Kos Sebastian, Haueisen Harald, Lachmund Ulrich, Roeren Thomas
Institute of Radiology, Kantonsspital Aarau, 5001 Aarau, Switzerland.
Cardiovasc Intervent Radiol. 2007 Sep-Oct;30(5):968-73. doi: 10.1007/s00270-007-9026-5.
Since the advent of computed tomography, numbers and expertise in Lymphangiography (LAG) have markedly dropped. The intention of our study was to demonstrate the persisting diagnostic and therapeutic impact of LAG on the postoperative patient with known or suspected lymphatic vessel leakage. Between May 1, 1999, and April 30, 2006, we investigated pedal lipiodol-LAGs (18 monopedal, 2 bipedal) on 22 patients (16 male, 6 female) with known or suspected postoperative chylothorax, chylaskos, lymphocele, or lymphatic fistula. Ages varied from 26 to 81 years. The spectrum of operative procedures was broad: 6 thoracic, 5 abdominal, and 11 peripheral operations were performed. In 20 patients who underwent mono- or bipedal LAG for lymphatic vessel injury, we were able to demonstrate the specific site of leakage in 15 cases (75%) and found signs of extravasation in 5 patients (25%).
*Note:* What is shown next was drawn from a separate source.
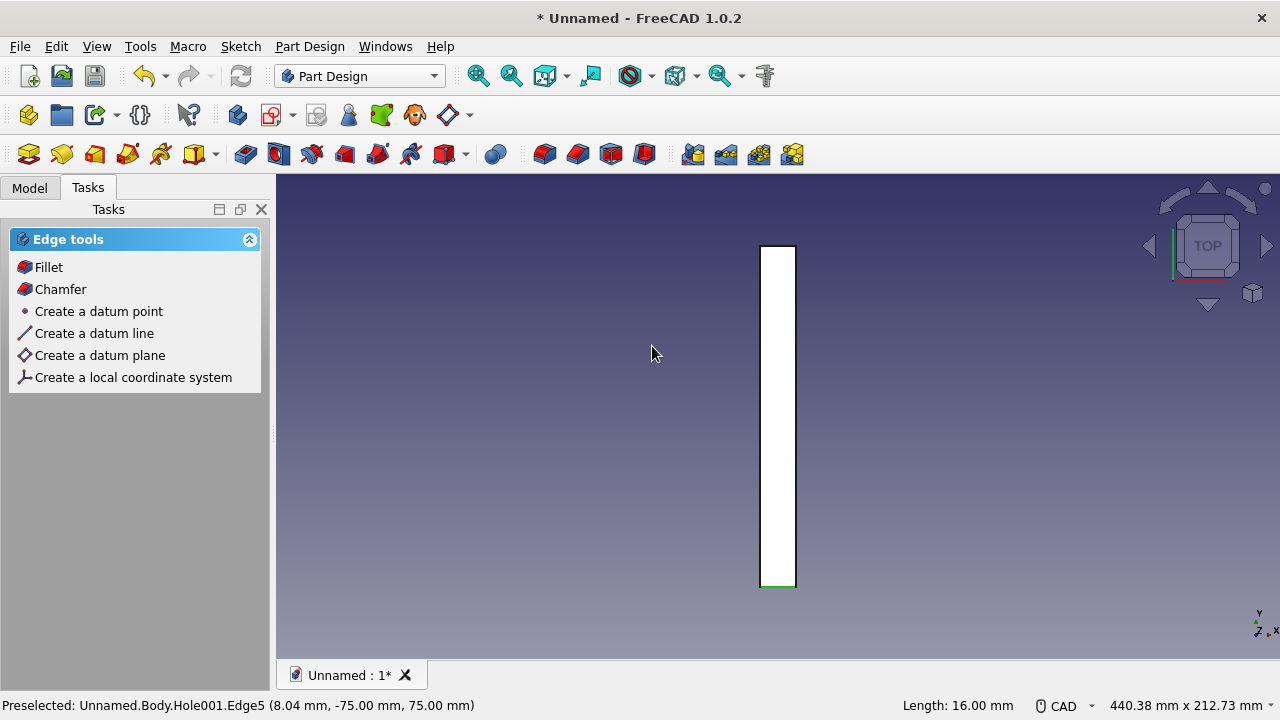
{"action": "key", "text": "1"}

Furthermore, in 11 patients (55%) we were able to avoid surgery because of closure of the leak after LAG. As the conservative therapeutic approach usually takes 2-3 weeks to reveal its therapeutic effects, 73.3% (11/15) of the patients who were not reoperated before this hallmark was passed did not need any further operation. Our study clearly demonstrates that even in the decades of modern cross-sectional imaging, classic LAG is a powerful and highly reliable tool to visualize and even assist occlusion of the postoperatively damaged lymphatic vessel and may thereby avoid the need for reoperation.
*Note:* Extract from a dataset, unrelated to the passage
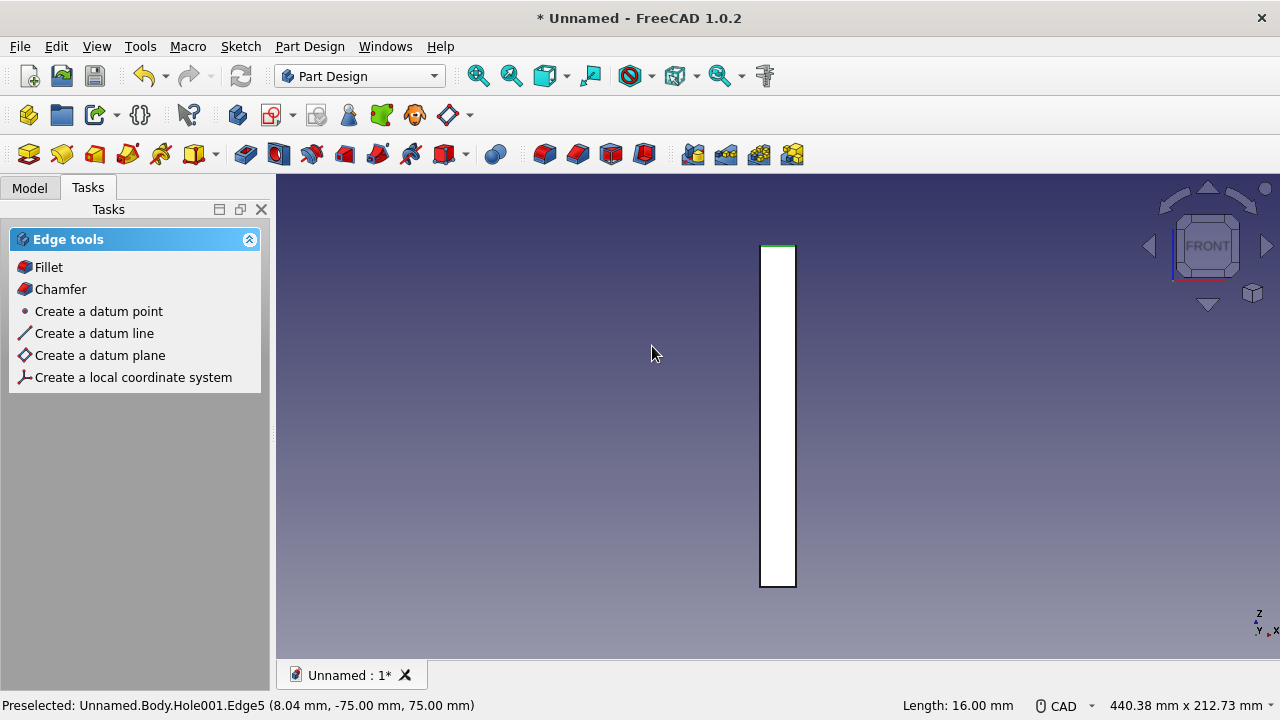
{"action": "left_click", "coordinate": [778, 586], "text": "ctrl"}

自计算机断层扫描问世以来,淋巴管造影(LAG)的从业者数量和专业技能显著下降。我们研究的目的是证明LAG对已知或疑似淋巴管渗漏的术后患者持续具有诊断和治疗作用。在1999年5月1日至2006年4月30日期间,我们对22例已知或疑似术后乳糜胸、乳糜腹水、淋巴囊肿或淋巴瘘的患者(16例男性,6例女性)进行了足背碘油-LAG检查(18例单足,2例双足)。年龄从26岁到81岁不等。手术范围广泛:进行了6例胸部手术、5例腹部手术和11例外周手术。在20例因淋巴管损伤接受单足或双足LAG检查的患者中,我们在15例(75%)中明确了渗漏的具体部位,在5例(25%)中发现了外渗迹象。此外,在11例患者(55%)中,由于LAG后渗漏闭合,我们得以避免手术。由于保守治疗方法通常需要2至3周才能显示出治疗效果,在达到这一标志性时间之前未再次手术的患者中,73.3%(11/15)无需进一步手术。我们的研究清楚地表明,即使在现代横断面成像的几十年里,经典的LAG仍是一种强大且高度可靠的工具,可用于可视化甚至辅助闭塞术后受损的淋巴管,从而可能避免再次手术的需要。